So I am trying to write a python function to return a metric called the Mielke-Berry R value. 所以我试图编写一个python函数来返回一个名为Mielke-Berry R值的度量。 The metric is calculated like so: 度量标准计算如下: 在此输入图像描述

The current code I have written works, but because of the sum of sums in the equation, the only thing I could think of to solve it was to use a nested for loop in Python, which is very slow... 我编写的当前代码有效,但由于等式中的和的总和,我唯一能想到解决它的问题是在Python中使用嵌套的for循环,这非常慢......

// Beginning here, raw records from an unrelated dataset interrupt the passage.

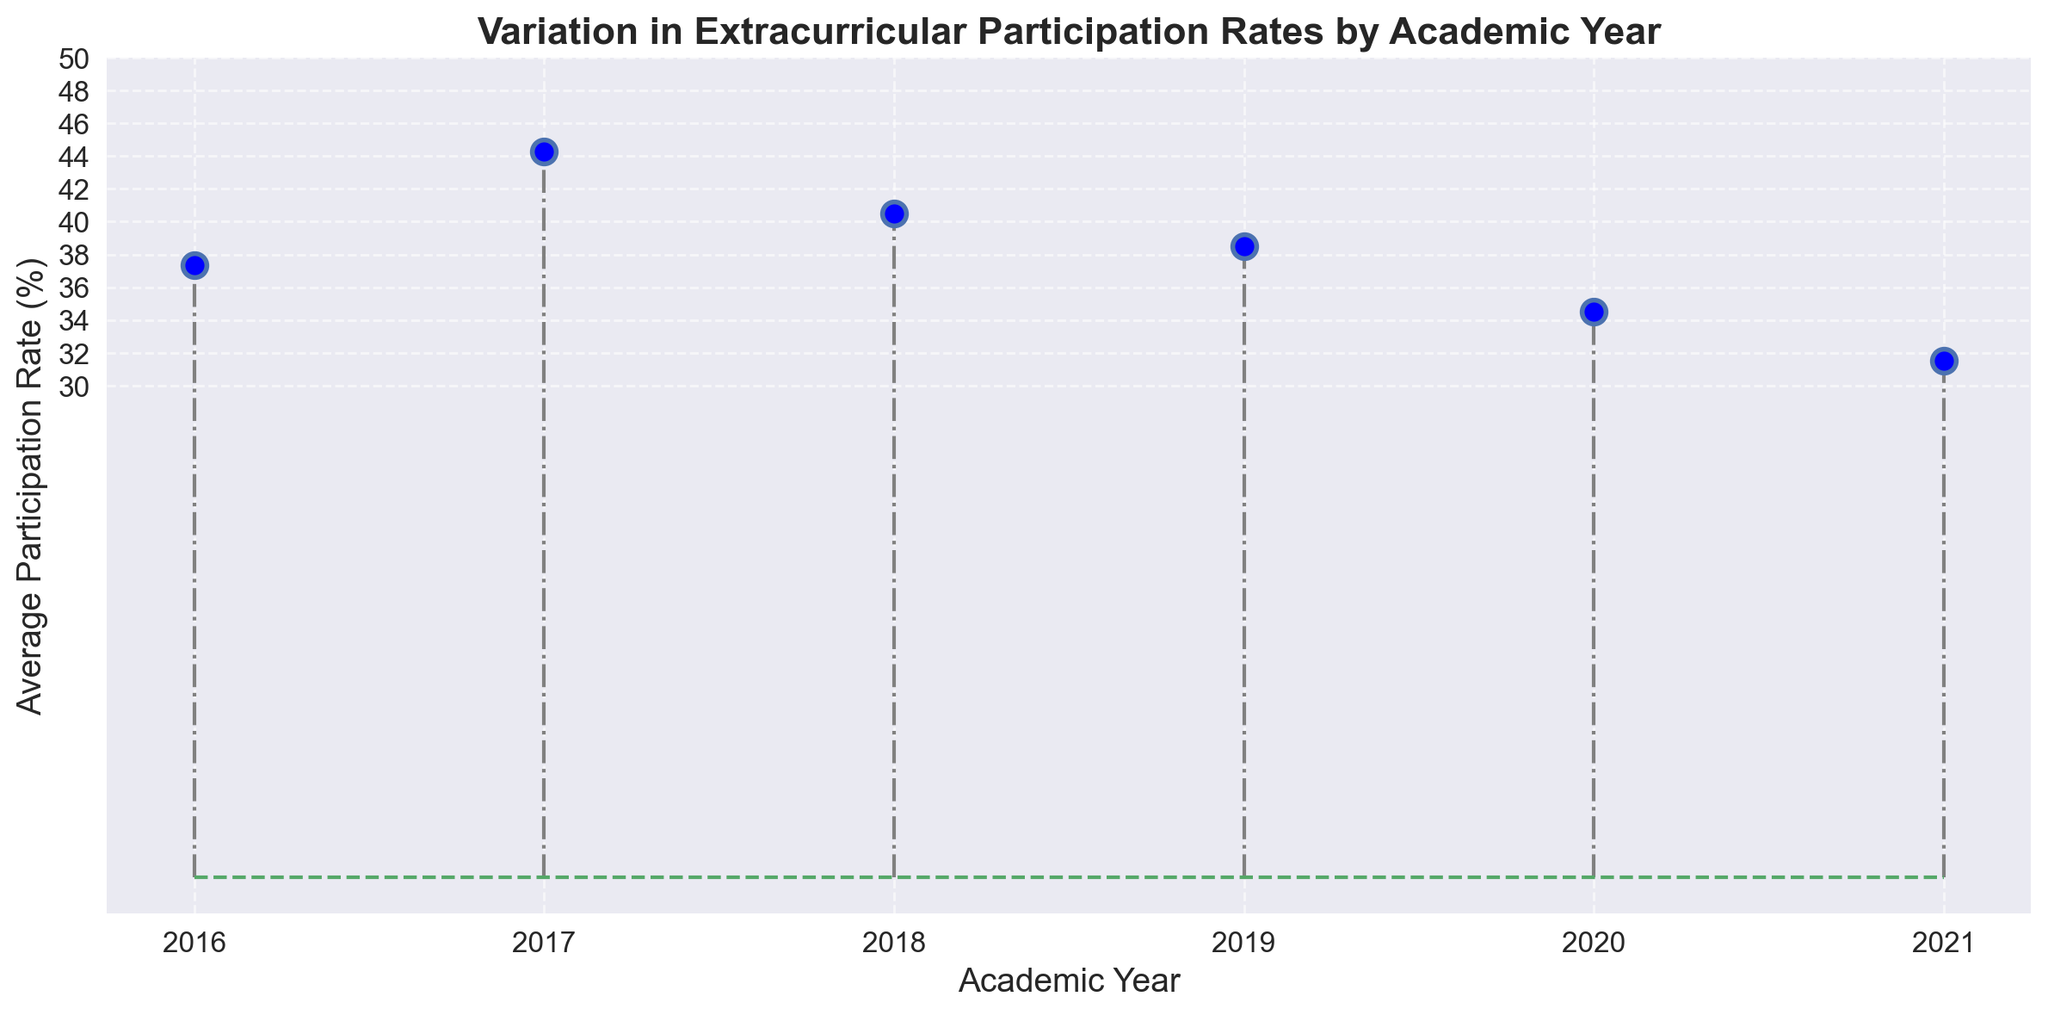What's the average participation rate in 2018? From the figure, look for the year 2018 and identify the individual participation rates: 38, 41, 43, and 40. Add them up (38+41+43+40=162) and then divide by the number of data points (4). So, 162/4 = 40.5
Answer: 40.5 Which year has the highest average participation rate? Look at the figure and identify the average participation rate for each year. Compare the averages: 2016 (37.33), 2017 (44.25), 2018 (40.5), 2019 (38.5), 2020 (34.5), 2021 (31.5). The highest is in 2017.
Answer: 2017 What is the difference in average participation rates between 2019 and 2020? Identify the average participation rates for 2019 (38.5) and 2020 (34.5). Subtract the two values (38.5 - 34.5 = 4).
Answer: 4 Is the average participation rate in 2021 greater than or less than in 2016? Compare the average participation rate in 2021 (31.5) with 2016 (37.33). Since 31.5 is less than 37.33, it is less.
Answer: Less Which year has the lowest average participation rate? Identify the average participation rate for each year and find the lowest: 2016 (37.33), 2017 (44.25), 2018 (40.5), 2019 (38.5), 2020 (34.5), 2021 (31.5). The lowest is in 2021.
Answer: 2021 What is the trend of the average participation rate from 2016 to 2021? Observe the pattern of average rates from the figure: 2016 (37.33), 2017 (44.25), 2018 (40.5), 2019 (38.5), 2020 (34.5), 2021 (31.5). The trend is a general decrease over time.
Answer: Decreasing How much did the average participation rate change from 2017 to 2018? Find the average rates for 2017 (44.25) and 2018 (40.5). Subtract the values (44.25 - 40.5 = 3.75).
Answer: 3.75 Which year experienced the largest drop in average participation rate compared to the previous year? Compare the yearly differences: 2017 to 2016 (44.25 - 37.33 = 6.92), 2018 to 2017 (40.5 - 44.25 = -3.75), 2019 to 2018 (38.5 - 40.5 = -2), 2020 to 2019 (34.5 - 38.5 = -4), 2021 to 2020 (31.5 - 34.5 = -3). The largest drop is from 2017 to 2018 (-3.75).
Answer: 2018 Is the average participation rate more variable in the years with the highest or lowest overall rates? Compare the variance (range) in years with highest (2017: 44, 42, 46, 45) and lowest (2021: 30, 32, 31, 33). The range for 2017 is 46-42=4 and for 2021 it is 33-30=3. Higher rates have more variability.
Answer: Highest What visual cue indicates the trend in participation rates over the years? Observe the height and position of the stems; they generally decrease from left (earlier years) to right (later years). This indicates a downward trend in participation rates.
Answer: Decreasing stems 
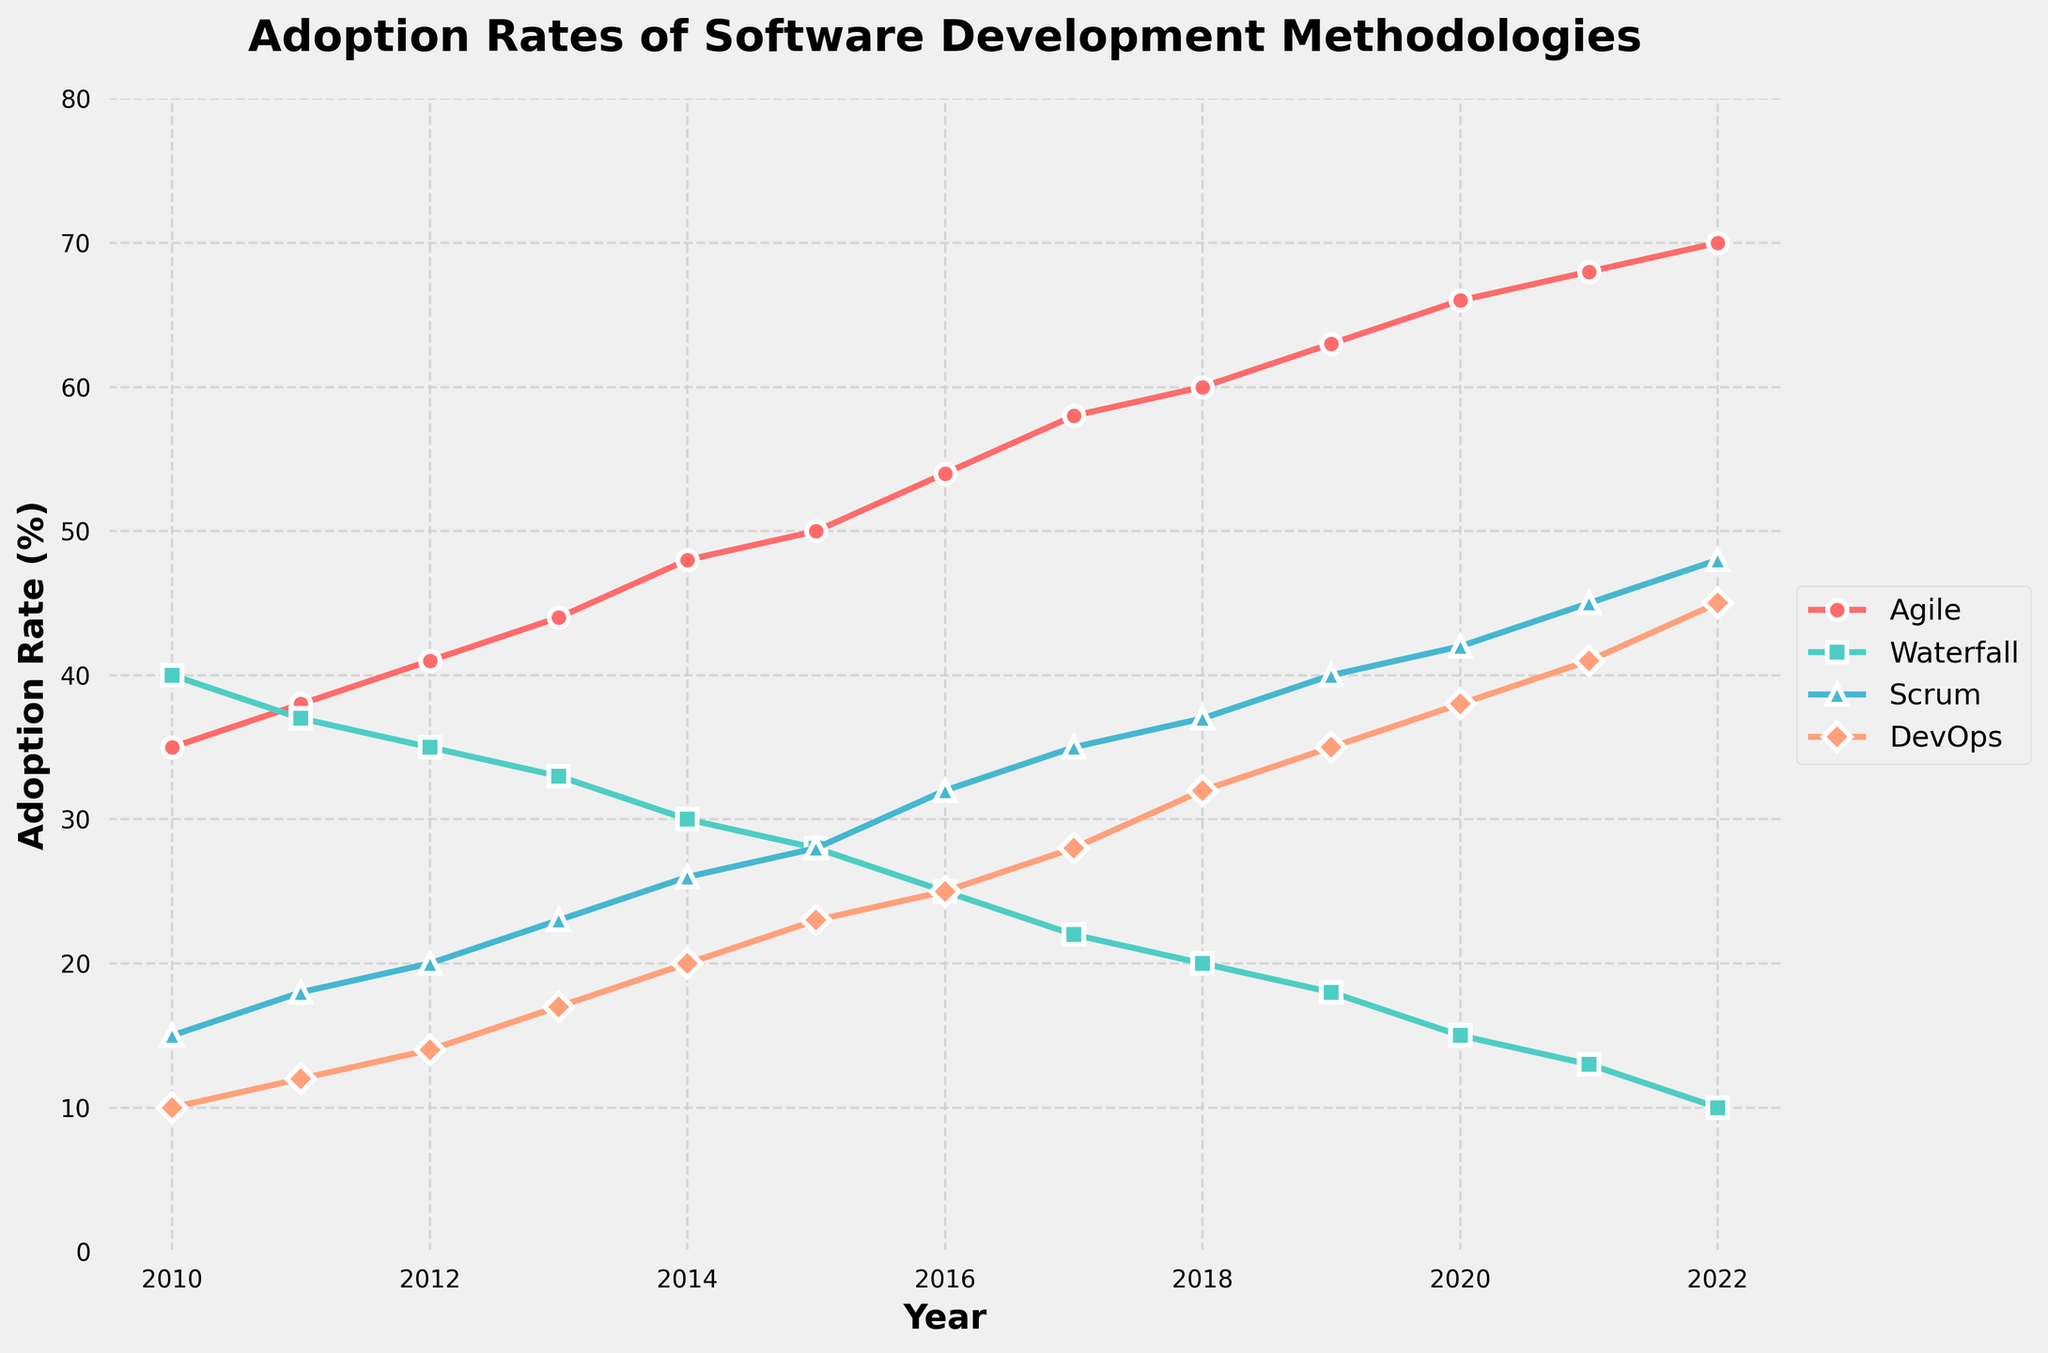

Below is my code: 以下是我的代码:

def mb_r(forecasted_array, observed_array):
    """Returns the Mielke-Berry R value."""
    assert len(observed_array) == len(forecasted_array)
    y = forecasted_array.tolist()
    x = observed_array.tolist()
    total = 0
    for i in range(len(y)):
        for j in range(len(y)):
            total = total + abs(y[j] - x[i])
    total = np.array([total])
    return 1 - (mae(forecasted_array, observed_array) * forecasted_array.size ** 2 / total[0])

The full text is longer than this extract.